How does flink handles kafka offsets in checkpointing when app fails intermediately?

245 Views Asked by At

Does the KafkaSink which implements TwoPhaseCommittingSink supports the checkpointing implicitely or do I have to add any code for it?

I have a simple flink application which reads from source(KafkaSource). I want to handle the offset manually in kafka consumer so that if my app breaks down it should recover from checkpoint without a data loss or duplication.

Consider I am reading offsets from 1 --> 100 and if my flink application fails at Offset-87 Then using checkpoint, it should restart with Offset-87 not from earliest or latest. As of now, it always starts from 1 if I have no delay in processing. But if I add Thread.sleep(5000) in .map() then it works as expected and tries to read from 87.

As I read from this post - https://stackoverflow.com/a/70382650/4951838

Since I am using .print() ; it does not support exactly-once semantic. That's why it take 2-3 seconds to sync the checkpoint with kafka offsets.

So if I use KafkaSink with exactly-once guarantee, will it solve my issue?

Checkpoint config -

StreamExecutionEnvironment env = StreamExecutionEnvironment.getExecutionEnvironment();
        env.enableCheckpointing(1000);
        env.setParallelism(1);      
        env.getCheckpointConfig().setCheckpointingMode(CheckpointingMode.EXACTLY_ONCE);
        env.getCheckpointConfig().setExternalizedCheckpointCleanup(ExternalizedCheckpointCleanup.RETAIN_ON_CANCELLATION);
        env.getCheckpointConfig().setCheckpointStorage("SomeS3Url");
        env.getCheckpointConfig().setMaxConcurrentCheckpoints(1);
        env.setRestartStrategy(RestartStrategies.fixedDelayRestart(
                  1, // number of restart attempts
                  Time.of(1, TimeUnit.SECONDS) // delay
                ));

Kafka consumer -

KafkaSource<Long> dataSource = KafkaSource.<Long>builder()
                .setBootstrapServers(brokers)
                .setTopics("Alerts.Checkpoint")
                .setGroupId("checkpoint-alertss-1")
                .setProperties(prop)                                   .setStartingOffsets(OffsetsInitializer.committedOffsets(OffsetResetStrategy.LATEST))
                .setClientIdPrefix("Alerts_01_temp_2")              
                .setDeserializer("custom deserializer")
                .build();

As you can see below, I want to fail the application when consumer reaches to certain offset.

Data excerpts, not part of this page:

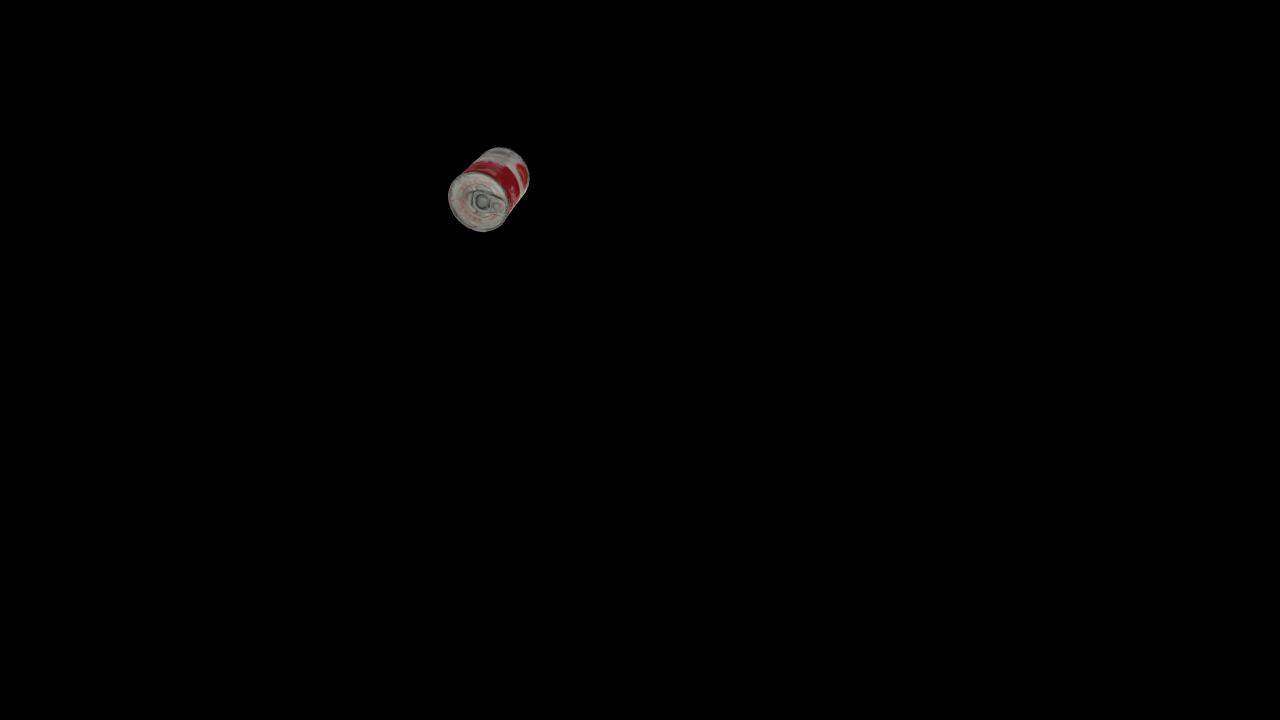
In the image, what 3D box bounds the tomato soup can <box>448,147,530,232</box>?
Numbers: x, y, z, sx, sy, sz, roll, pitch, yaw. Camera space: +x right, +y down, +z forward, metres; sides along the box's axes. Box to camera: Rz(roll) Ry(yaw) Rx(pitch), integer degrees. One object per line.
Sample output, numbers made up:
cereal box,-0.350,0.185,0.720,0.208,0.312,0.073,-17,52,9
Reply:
tomato soup can,-0.170,-0.198,0.705,0.068,0.068,0.101,0,34,6

DataStreamSource<Long> alertStream = env.fromSource(dataSource , WatermarkStrategy.noWatermarks(), "Kafka Source");

    alertStream 
    .map(new MapFunction<Long, String>() {
        @Override
        public String map(Long value) throws Exception {
            // TODO Auto-generated method stub
            if(value == 87) // value is an offset of a message
//              throw new Exception();
            return "Offset - "+ value.toString();
        }
    })
    .print();
1

There are 1 best solutions below

2
Martijn Visser On BEST ANSWER

The KafkaSink natively supports Flink's snapshotting mechanism and no additional code is required to enable that. You shouldn't handle the offset management manually in your code.